_Task goal_: As soon as the line containing "6) box [281,370,381,479]" appears in the material below, start returning lines exactly, and end with the line containing "17) turtle toy [196,220,241,267]".

_Provided material_:
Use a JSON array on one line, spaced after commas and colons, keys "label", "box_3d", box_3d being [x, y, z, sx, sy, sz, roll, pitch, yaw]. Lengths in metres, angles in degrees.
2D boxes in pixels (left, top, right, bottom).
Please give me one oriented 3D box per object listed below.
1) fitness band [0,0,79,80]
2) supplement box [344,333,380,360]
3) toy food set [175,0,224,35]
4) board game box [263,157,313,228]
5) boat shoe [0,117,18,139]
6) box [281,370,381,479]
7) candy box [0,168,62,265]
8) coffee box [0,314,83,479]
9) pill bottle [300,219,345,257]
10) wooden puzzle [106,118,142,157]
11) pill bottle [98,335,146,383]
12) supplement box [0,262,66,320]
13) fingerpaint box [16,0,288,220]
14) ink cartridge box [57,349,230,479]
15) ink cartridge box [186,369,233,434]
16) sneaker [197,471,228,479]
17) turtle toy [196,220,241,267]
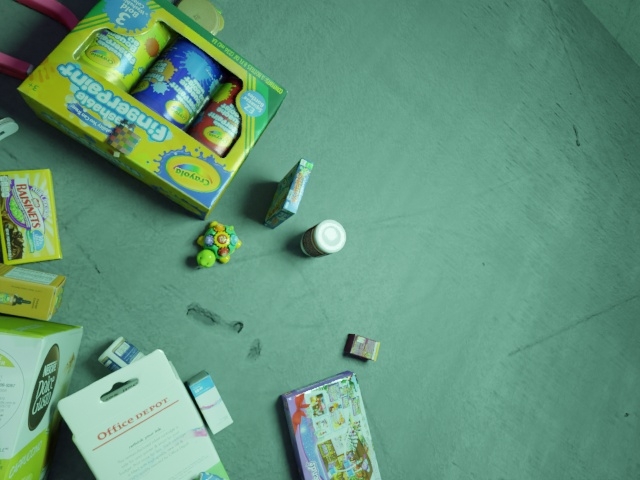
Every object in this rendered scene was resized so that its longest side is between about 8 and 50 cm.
[{"label": "fitness band", "box_3d": [-0.699, -0.485, 0.921, 0.290, 0.054, 0.209, 21, 74, -19]}, {"label": "supplement box", "box_3d": [0.116, 0.297, 1.123, 0.083, 0.043, 0.055, 23, 74, -18]}, {"label": "toy food set", "box_3d": [-0.333, -0.598, 1.101, 0.132, 0.038, 0.192, 13, 88, -14]}, {"label": "board game box", "box_3d": [-0.085, -0.112, 1.025, 0.035, 0.201, 0.136, 23, 73, -16]}, {"label": "boat shoe", "box_3d": [-0.721, -0.239, 0.885, 0.100, 0.035, 0.035, -39, 69, -19]}, {"label": "box", "box_3d": [0.029, 0.514, 1.044, 0.200, 0.057, 0.294, -11, 86, -24]}, {"label": "candy box", "box_3d": [-0.641, -0.053, 0.886, 0.105, 0.027, 0.206, -9, 85, -25]}, {"label": "coffee box", "box_3d": [-0.639, 0.290, 0.660, 0.337, 0.337, 0.335, 12, 77, -19]}, {"label": "pill bottle", "box_3d": [0.000, 0.000, 1.067, 0.085, 0.152, 0.086, 4, 80, -21]}, {"label": "wooden puzzle", "box_3d": [-0.411, -0.211, 0.846, 0.049, 0.006, 0.083, 34, 77, -14]}, {"label": "pill bottle", "box_3d": [-0.423, 0.276, 0.897, 0.120, 0.067, 0.067, 44, 68, -10]}, {"label": "supplement box", "box_3d": [-0.659, 0.093, 0.819, 0.233, 0.080, 0.078, 17, 99, -18]}, {"label": "fingerpaint box", "box_3d": [-0.365, -0.327, 0.965, 0.444, 0.163, 0.371, 34, 73, -14]}, {"label": "ink cartridge box", "box_3d": [-0.355, 0.402, 0.833, 0.207, 0.119, 0.354, -25, 106, -24]}, {"label": "ink cartridge box", "box_3d": [-0.257, 0.372, 0.935, 0.052, 0.088, 0.123, -28, 92, -24]}, {"label": "sneaker", "box_3d": [-0.267, 0.556, 0.791, 0.081, 0.080, 0.211, 47, 64, -18]}, {"label": "turtle toy", "box_3d": [-0.258, 0.013, 1.007, 0.095, 0.066, 0.130, 39, 69, -11]}]

_Answer to this problem_:
6) box [281,370,381,479]
7) candy box [0,168,62,265]
8) coffee box [0,314,83,479]
9) pill bottle [300,219,345,257]
10) wooden puzzle [106,118,142,157]
11) pill bottle [98,335,146,383]
12) supplement box [0,262,66,320]
13) fingerpaint box [16,0,288,220]
14) ink cartridge box [57,349,230,479]
15) ink cartridge box [186,369,233,434]
16) sneaker [197,471,228,479]
17) turtle toy [196,220,241,267]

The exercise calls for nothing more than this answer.